In 1947, in the wake of WW II, the Canadian Province of Saskatchewan launched the first provincial universal public hospital insurance plan. South of the border, the U.S. chose a very different path. With inducements in the tax code, and exemption from war time wage and salary controls, our government encouraged private employers to provide their workers with health insurance as part of what would become a standard benefit package.
A decade later in 1957, Canada passed the Hospital Insurance and Diagnostic Services Act which provided 50/50 cost sharing between the federal government and any of 13 provinces and territories that chose to participate in universal coverage of their respective populations. In the U.S. employer based insurance had now been extended to nearly 70% of Americans, pharmaceutical profiteers were being lined up for interrogation by Senator Kafauver’s Commission, and the AMA was mapping out its strategy to defeat “socialized medicine”.

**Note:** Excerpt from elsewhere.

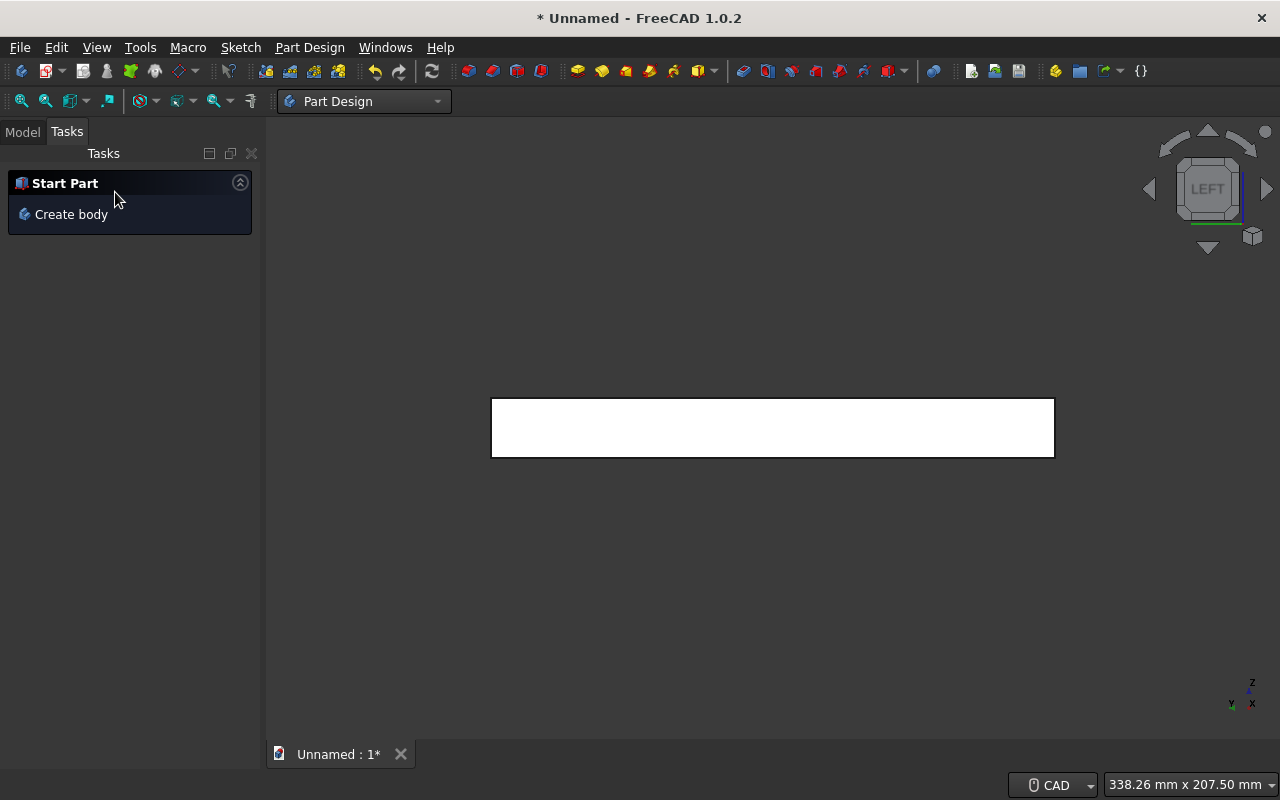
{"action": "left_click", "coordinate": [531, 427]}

In 1964, against the opposition of the Canadian Medical Society, Canada’s Royal Commission on Health Services, recommended and soon succeeded in launching a comprehensive and universal national health program. The program, called Medicare, covered everyone but not everything (pharmaceuticals,eyeglasses, dental care, and home care were exempted). They did however include federal planning and standards to promote and maintain optimal preventive health of all Canadians. A federal governance body was in charge of standards, but the delivery of care was strictly deligated to the provinces and territories who themselves managed and prioritized annual budgets, and designed their own governance systems.

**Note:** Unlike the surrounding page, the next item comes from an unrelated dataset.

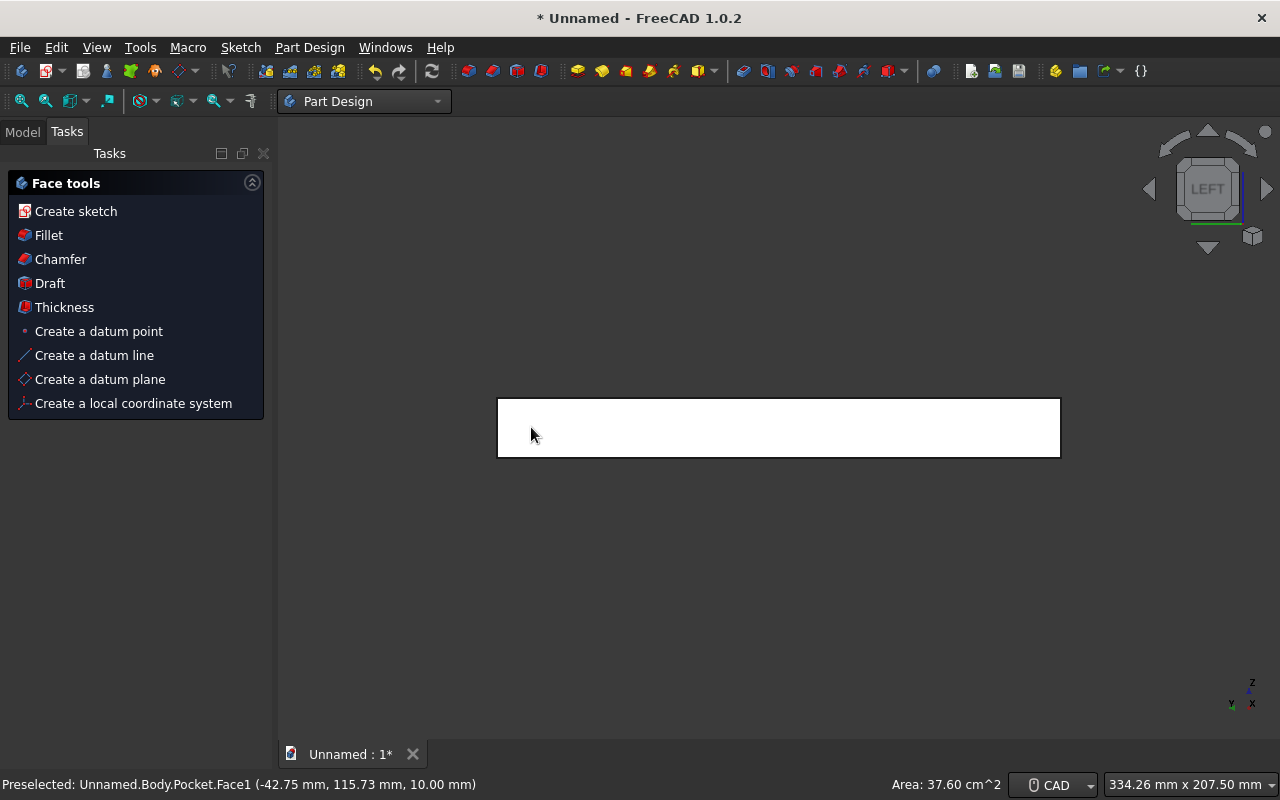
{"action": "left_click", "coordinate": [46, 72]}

In the U.S. at the same time, President Johnson in the wake of President Kennedy’s assassination, and with some skillful maneuvering by veteran legislator Wilbur Mills, passed our own Medicare, a universal program as well, but only for citizens over 65. It was federally funded and federally directed, having proven a few years earlier that voluntary enrollment programs controlled by individual states would fail. They also passed Medicaid, which like the Canadian program included a mix of federal and state funding, and delegation of responsibility for care delivery to the states. Standard setting was weaker than in Canada, and wide variability became immediately apparent both in the definition of who qualified, what was covered, and the level of each states financial commitment to services.
The Canadian government at the time held tightly to the principle of universality and public funding with federal and territorial governments serving as “single-payers”. This decision was grounded in the philosophy that Canada’s success ultimately depended on the health of Canadians, that this health was a human right, and that excessive administration would drive up cost and complexity, placing an undue burden on their citizens. Fee schedules were standard across geography and population, and negotiations with doctors and hospitals in each province or territory, as part of the budget setting process, allowed for prioritization and full transparency. Providers submitted bills for services. Government paid the bills. And the patient was left alone.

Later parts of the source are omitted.